Students across the world are struggling to navigate getting an education while surviving a pandemic. While some universities have opened up, some still remain shut and encourage distance learning. But, with financial instability, a diminished college experience, and rising health concerns, some students are choosing to take a break this academic year. We asked four students why they decided to take a gap year and how they are spending it.
Drishti Soni, 22, Mumbai
After finishing my bachelor’s last year, I didn’t know what to do for my master’s. It was a big decision and I am not the type of person who can commit to something that I’m unsure about. I was also diagnosed with anxiety and depression. I just needed time to think and focus on my mental health.
I started my gap year with an internship and then took a few months off to work. After that, I took a solo trip last December, which opened up a lot of things for me. I reconnected with old friends. I finally decided what university I wanted to go to. Next year, I will be in Australia doing my master’s. Currently until my college begins in Australia, I am doing online courses and freelancing as a writer.
During the gap year, at times, I had a lot of free time, it made me feel unproductive and stressed. Being an only child, even though my parents didn’t pressurize me, I felt like I had to be successful to sustain us.
Jonas Jacobs, 19, San Diego
My current goal is to graduate from Northeastern University, Boston with a degree in mechanical engineering.
Our college set up a system to test students regularly, [conduct] contact tracing, and I was excited to go back. But, as much as I want to trust my peers at my school and have faith in them, I know fellow 19-year-olds, they want to party.

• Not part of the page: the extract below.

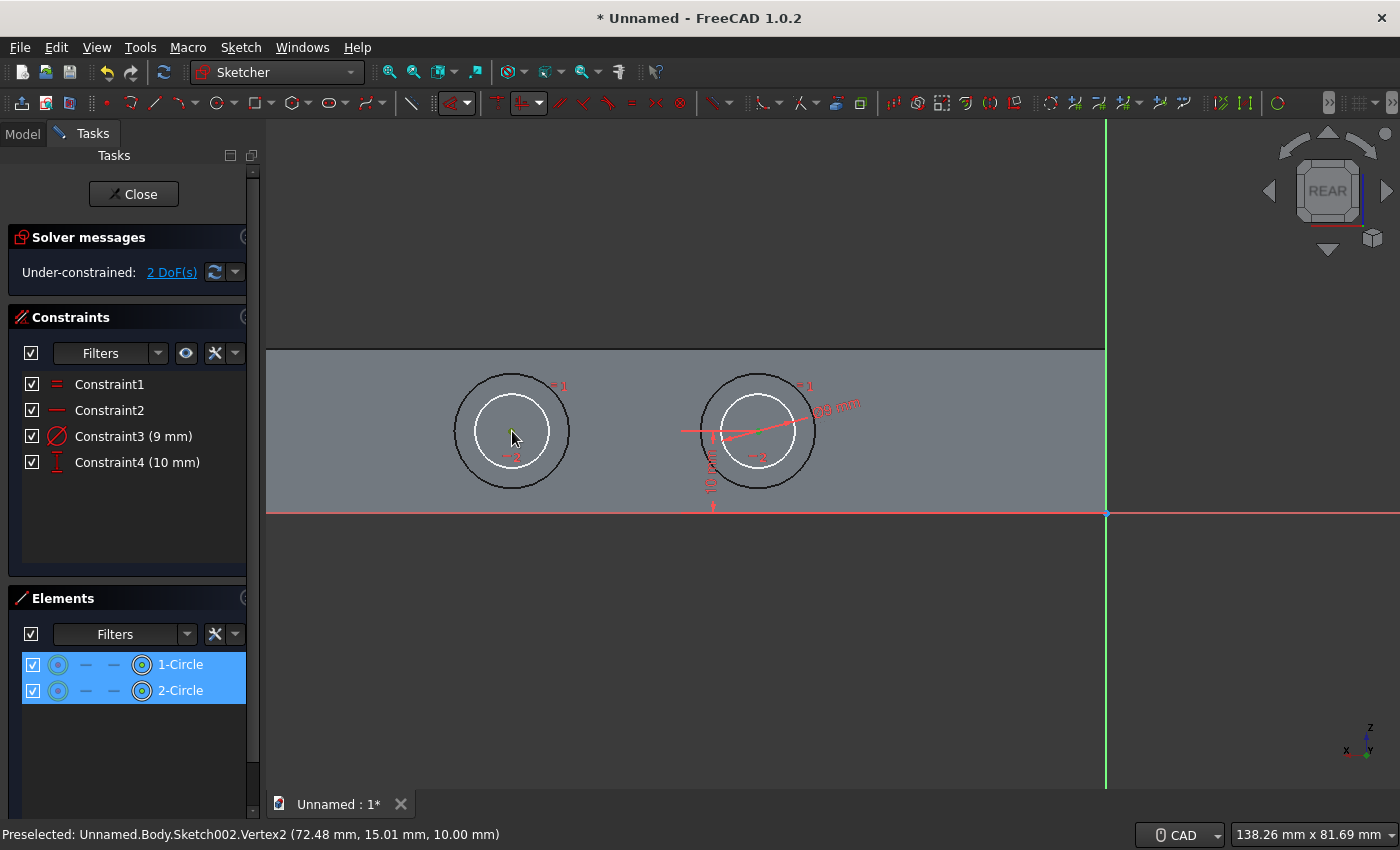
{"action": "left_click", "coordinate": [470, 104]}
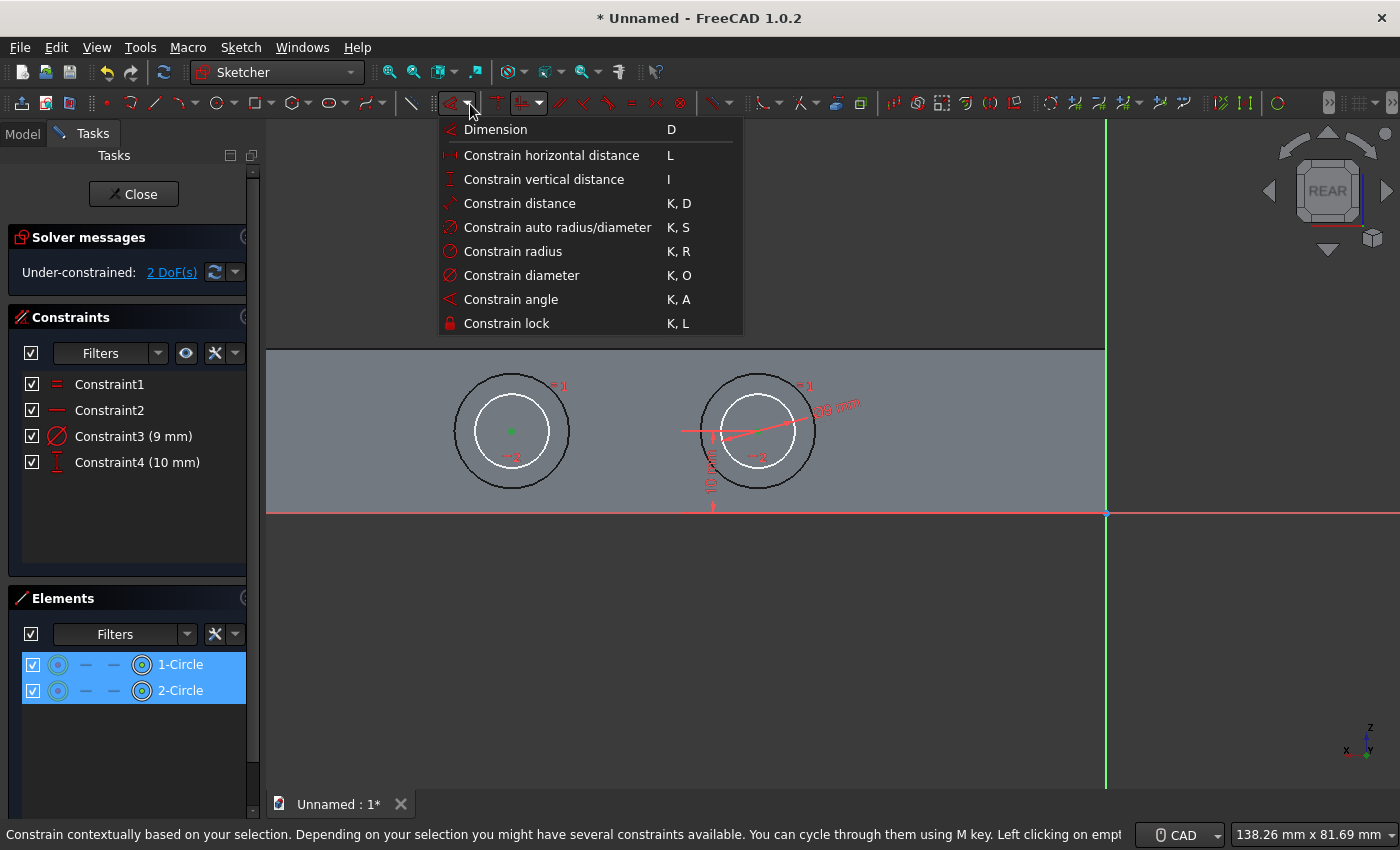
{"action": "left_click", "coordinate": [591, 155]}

I could also be sent home from campus or be locked down in my dorm doing online classes. My housing this year was single-room housing and my roommate decided not to come back to school. It would be like solitary confinement. As a student struggling with ADHD, it isn’t easy to be learning online. I didn’t want my learning or grades to suffer, so I took my second year [at university] off.
I am currently on a job hunt which is proving to be challenging. I’ve been reaching out to former bosses and trying to network to get an opportunity. I am not scared, I know I’ll get a job and be able to use this year to the fullest.
Siddhant Sanghavi, 21, Mumbai
I wanted to take a gap year to work in the fields I want to get into before deciding on a master’s degree to pursue, to make sure that I liked it and that I wasn’t wasting my time and money [on my degree]. I finished my second year of college, and I am on my gap year now. Even though a gap [year] was a part of my plan, more than choosing it, it happened now because of COVID-19. My original plan was to intern at a lot of places to pick what I like, create, write pitches for independent projects and work on myself.
The work aspect hasn’t gone according to plan, but I landed a short internship as a writer. Workplaces look for cheap labour when looking for interns and [people] say there are a lot of jobs out there. But, I care about the profile of the job.
Staying motivated has been a struggle with the change in routine. I have a lot of anxious thoughts about financial instability, the status of the industry and then I get scared that I will make the wrong decision [about my career].
Eli Nathan, 20, New Jersey
I am currently pursuing my bachelor’s [degree], I’m not sure in what yet. The last academic year was my freshman year at the University of Pennsylvania and now I am on my gap year.
My plan this year is to work. 2021 is up in the air. Before COVID-19, I couldn’t imagine taking a year off school. My first semester and a half was amazing, but I realized that university won’t be returning to its pre-pandemic glory in the fall. The second half of the semester was disappointing. I couldn’t learn as much, I couldn’t connect with my professors, I didn’t meet many of my peers. To get the most out of UPenn, I want to be on campus and make use of the resources.
I considered many options like doing an internship, working on a political campaign, or even working on a world commune, but once I got a job offer that I was excited about, I took it. Online school is disappointing and it costs a lot of money. There’s not much of a downside in hitting the pause button on your education and coming back to have a full college experience.